La tempesta finanziaria che ha investito l'Italia e ha preso di mira il debito pubblico (con gli interessi sui Btp ormai al di sopra del 7%) non può essere addebitata alla cattiva sorte o agli speculatori, e neppure soltanto a chi ha governato in questi ultimi anni il Paese: anche se Silvio Berlusconi  e il super-ministro Giulio Tremonti hanno certo le loro responsabilità. Il disastro è però figlio dell'intera storia italiana del dopoguerra, ossia di quella cultura assistenziale all'origine di un debito pubblico che, ora, minaccia il nostro presente e ancor più il futuro. È evidente che molte colpe sono da addebitarsi ai politici di professione (di livello nazionale e locale), ma non si pensi che processare la Casta basti ad assolvere il resto della società.
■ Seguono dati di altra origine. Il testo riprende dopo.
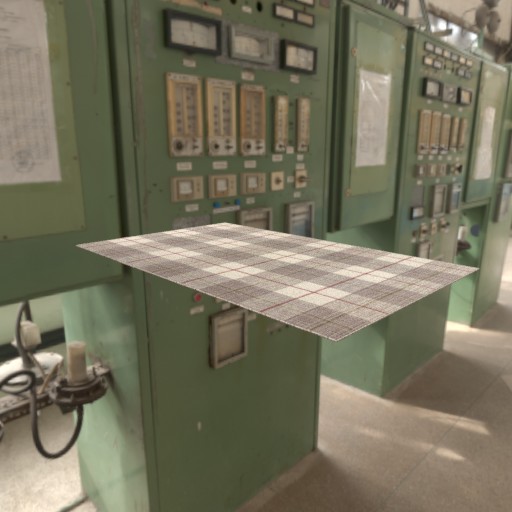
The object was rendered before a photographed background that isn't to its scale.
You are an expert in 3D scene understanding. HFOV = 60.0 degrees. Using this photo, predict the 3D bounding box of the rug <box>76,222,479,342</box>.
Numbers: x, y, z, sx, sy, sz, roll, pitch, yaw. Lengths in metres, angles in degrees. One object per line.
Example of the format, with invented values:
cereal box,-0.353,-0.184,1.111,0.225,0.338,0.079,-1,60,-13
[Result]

Per decenni, in nome di una malintesa idea di "solidarietà", si sono elargiti fondi in quantità al Mezzogiorno, regalati immensi capitali alle grandi imprese, attribuiti privilegi al Trentino e alle altre regioni autonome, mandati in pensione lavoratori statali dopo meno di sedici anni di contribuzioni, tenuti in vita monopoli pubblici improduttivi e fuori mercato (dalle poste alla ferrovie). Quasi ogni gruppo organizzato che promettesse sostegno elettorale ha ricevuto la sua quota di privilegi: i sindacati come i notai, i farmacisti come i costruttori edili, i agricoltori come i commercianti.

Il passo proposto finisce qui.